═══ Information ═══

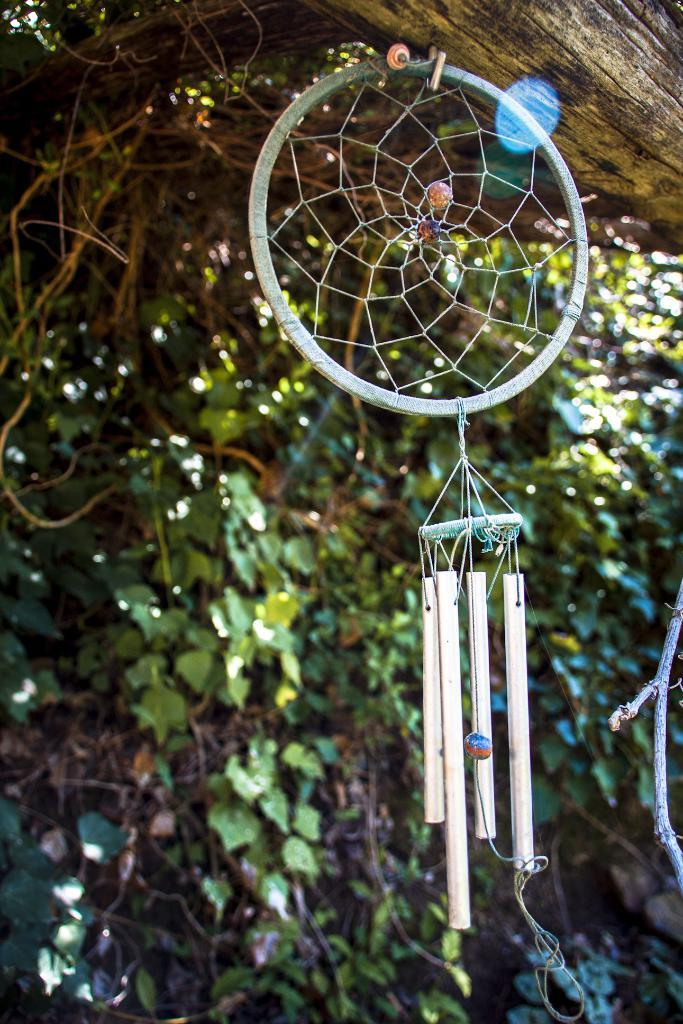What type of plant can be seen in the image? There is a tree in the image. What object is present in the image that could be used for catching or holding? There is a net in the image. What type of police dog can be seen interacting with the tree in the image? There is no police dog present in the image; it only features a tree and a net. What type of crack is visible on the tree in the image? There is no crack visible on the tree in the image. 
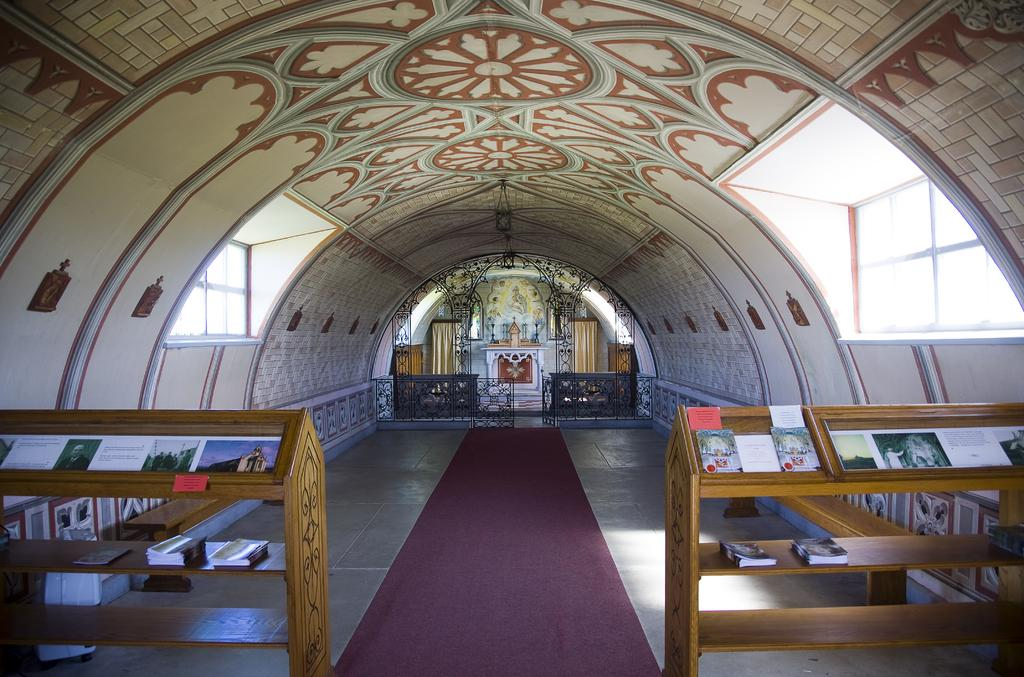What color are the racks in the image? The racks in the image are brown. What can be found on the racks? There are books on the racks. What can be seen in the background of the image? There are benches visible in the background of the image. How does the aunt control the pests in the image? There is no aunt or pests present in the image; it only features brown color racks with books and benches in the background. 
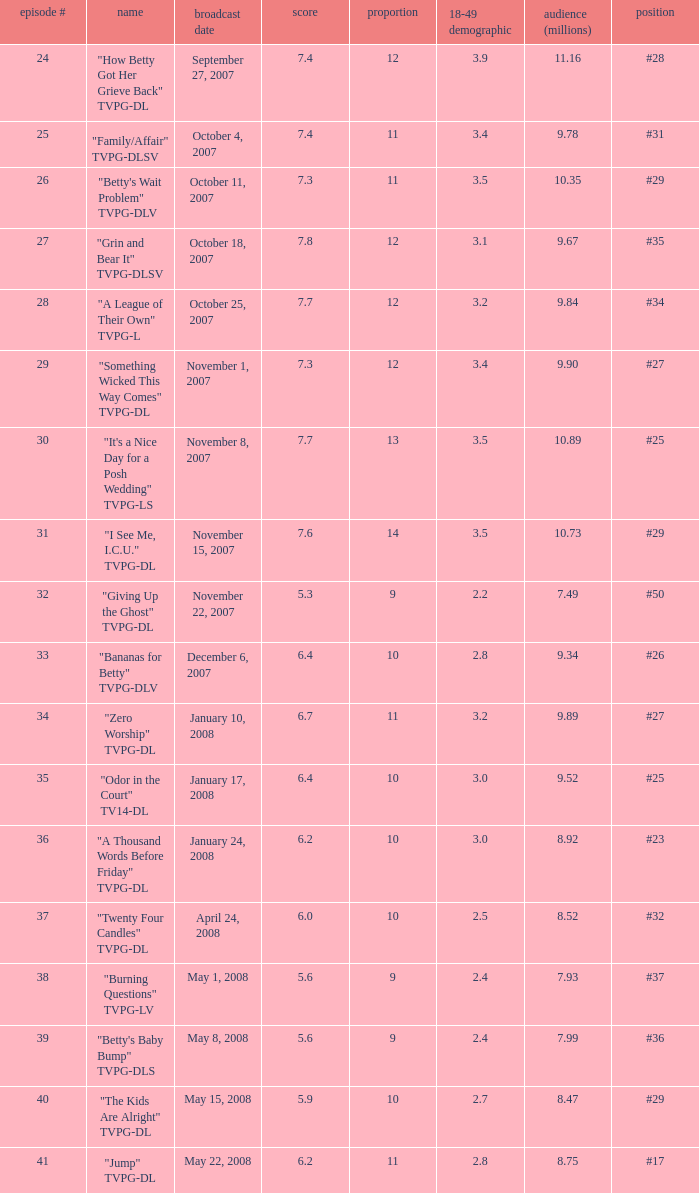What is the Airdate of the episode that ranked #29 and had a share greater than 10? May 15, 2008. 
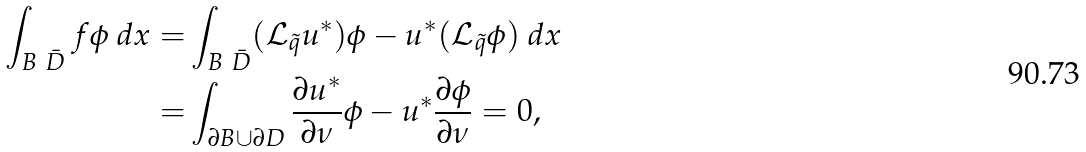Convert formula to latex. <formula><loc_0><loc_0><loc_500><loc_500>\int _ { B \ \bar { D } } f \phi \ d x = & \int _ { B \ \bar { D } } ( \mathcal { L } _ { \tilde { q } } u ^ { * } ) \phi - u ^ { * } ( \mathcal { L } _ { \tilde { q } } \phi ) \ d x \\ = & \int _ { \partial B \cup \partial D } \frac { \partial u ^ { * } } { \partial \nu } \phi - u ^ { * } \frac { \partial \phi } { \partial \nu } = 0 ,</formula> 
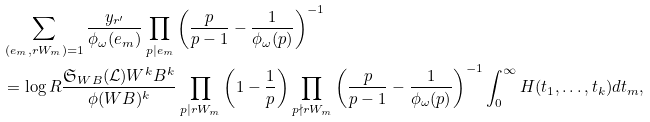Convert formula to latex. <formula><loc_0><loc_0><loc_500><loc_500>& \sum _ { ( e _ { m } , r W _ { m } ) = 1 } \frac { y _ { r ^ { \prime } } } { \phi _ { \omega } ( e _ { m } ) } \prod _ { p | e _ { m } } \left ( \frac { p } { p - 1 } - \frac { 1 } { \phi _ { \omega } ( p ) } \right ) ^ { - 1 } \\ & = \log { R } \frac { \mathfrak { S } _ { W B } ( \mathcal { L } ) W ^ { k } B ^ { k } } { \phi ( W B ) ^ { k } } \prod _ { p | r W _ { m } } \left ( 1 - \frac { 1 } { p } \right ) \prod _ { p \nmid r W _ { m } } \left ( \frac { p } { p - 1 } - \frac { 1 } { \phi _ { \omega } ( p ) } \right ) ^ { - 1 } \int _ { 0 } ^ { \infty } H ( t _ { 1 } , \dots , t _ { k } ) d t _ { m } ,</formula> 
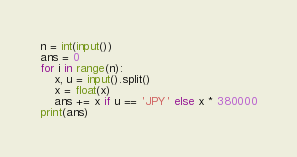<code> <loc_0><loc_0><loc_500><loc_500><_Python_>n = int(input())
ans = 0
for i in range(n):
    x, u = input().split()
    x = float(x)
    ans += x if u == 'JPY' else x * 380000
print(ans)</code> 
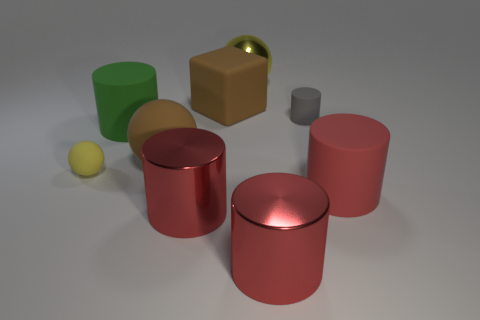Is the color of the tiny ball the same as the large sphere that is to the left of the big cube?
Your answer should be very brief. No. How many objects are large brown objects behind the large green cylinder or cylinders that are behind the tiny sphere?
Your answer should be compact. 3. There is a block that is the same size as the green matte cylinder; what material is it?
Keep it short and to the point. Rubber. How many other things are there of the same material as the small yellow thing?
Offer a terse response. 5. There is a large metallic thing that is behind the red matte thing; does it have the same shape as the rubber thing left of the large green cylinder?
Make the answer very short. Yes. What is the color of the matte cylinder on the left side of the small object behind the large cylinder that is behind the yellow rubber ball?
Provide a short and direct response. Green. How many other objects are the same color as the rubber block?
Offer a terse response. 1. Are there fewer gray matte spheres than big matte cylinders?
Offer a very short reply. Yes. There is a cylinder that is both behind the yellow rubber sphere and left of the tiny gray matte cylinder; what color is it?
Keep it short and to the point. Green. What is the material of the brown thing that is the same shape as the yellow matte thing?
Keep it short and to the point. Rubber. 
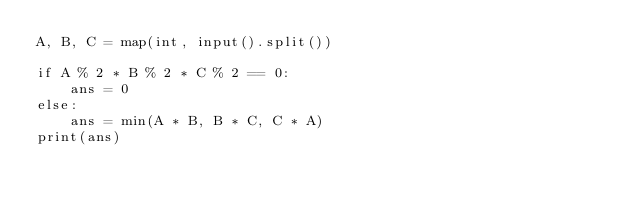Convert code to text. <code><loc_0><loc_0><loc_500><loc_500><_Python_>A, B, C = map(int, input().split())

if A % 2 * B % 2 * C % 2 == 0:
    ans = 0
else:
    ans = min(A * B, B * C, C * A)
print(ans)
</code> 
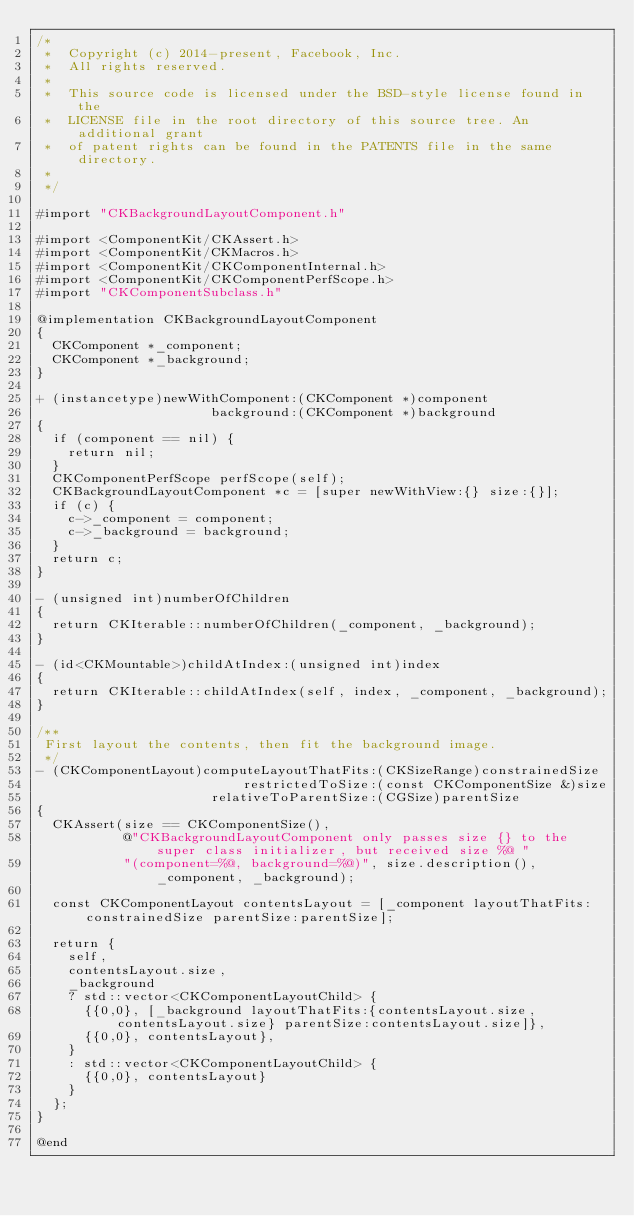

═══

» **Exercise goal**: Print the data exactly as written, dropping any images it holds.

» **Your solution**:
What type of plant can be seen in the image? There is a tree in the image. What object is present in the image that could be used for catching or holding? There is a net in the image. What type of police dog can be seen interacting with the tree in the image? There is no police dog present in the image; it only features a tree and a net. What type of crack is visible on the tree in the image? There is no crack visible on the tree in the image. 
What color are the racks in the image? The racks in the image are brown. What can be found on the racks? There are books on the racks. What can be seen in the background of the image? There are benches visible in the background of the image. How does the aunt control the pests in the image? There is no aunt or pests present in the image; it only features brown color racks with books and benches in the background. 
What is the Airdate of the episode that ranked #29 and had a share greater than 10? May 15, 2008. 
Convert formula to latex. <formula><loc_0><loc_0><loc_500><loc_500>\int _ { B \ \bar { D } } f \phi \ d x = & \int _ { B \ \bar { D } } ( \mathcal { L } _ { \tilde { q } } u ^ { * } ) \phi - u ^ { * } ( \mathcal { L } _ { \tilde { q } } \phi ) \ d x \\ = & \int _ { \partial B \cup \partial D } \frac { \partial u ^ { * } } { \partial \nu } \phi - u ^ { * } \frac { \partial \phi } { \partial \nu } = 0 ,</formula> 
Convert formula to latex. <formula><loc_0><loc_0><loc_500><loc_500>& \sum _ { ( e _ { m } , r W _ { m } ) = 1 } \frac { y _ { r ^ { \prime } } } { \phi _ { \omega } ( e _ { m } ) } \prod _ { p | e _ { m } } \left ( \frac { p } { p - 1 } - \frac { 1 } { \phi _ { \omega } ( p ) } \right ) ^ { - 1 } \\ & = \log { R } \frac { \mathfrak { S } _ { W B } ( \mathcal { L } ) W ^ { k } B ^ { k } } { \phi ( W B ) ^ { k } } \prod _ { p | r W _ { m } } \left ( 1 - \frac { 1 } { p } \right ) \prod _ { p \nmid r W _ { m } } \left ( \frac { p } { p - 1 } - \frac { 1 } { \phi _ { \omega } ( p ) } \right ) ^ { - 1 } \int _ { 0 } ^ { \infty } H ( t _ { 1 } , \dots , t _ { k } ) d t _ { m } ,</formula> 
<code> <loc_0><loc_0><loc_500><loc_500><_Python_>n = int(input())
ans = 0
for i in range(n):
    x, u = input().split()
    x = float(x)
    ans += x if u == 'JPY' else x * 380000
print(ans)</code> 
Is the color of the tiny ball the same as the large sphere that is to the left of the big cube?
Your answer should be very brief. No. How many objects are large brown objects behind the large green cylinder or cylinders that are behind the tiny sphere?
Your answer should be compact. 3. There is a block that is the same size as the green matte cylinder; what material is it?
Keep it short and to the point. Rubber. How many other things are there of the same material as the small yellow thing?
Offer a terse response. 5. There is a large metallic thing that is behind the red matte thing; does it have the same shape as the rubber thing left of the large green cylinder?
Make the answer very short. Yes. What is the color of the matte cylinder on the left side of the small object behind the large cylinder that is behind the yellow rubber ball?
Provide a short and direct response. Green. How many other objects are the same color as the rubber block?
Offer a terse response. 1. Are there fewer gray matte spheres than big matte cylinders?
Offer a very short reply. Yes. There is a cylinder that is both behind the yellow rubber sphere and left of the tiny gray matte cylinder; what color is it?
Keep it short and to the point. Green. What is the material of the brown thing that is the same shape as the yellow matte thing?
Keep it short and to the point. Rubber. 
Convert code to text. <code><loc_0><loc_0><loc_500><loc_500><_Python_>A, B, C = map(int, input().split())

if A % 2 * B % 2 * C % 2 == 0:
    ans = 0
else:
    ans = min(A * B, B * C, C * A)
print(ans)
</code> 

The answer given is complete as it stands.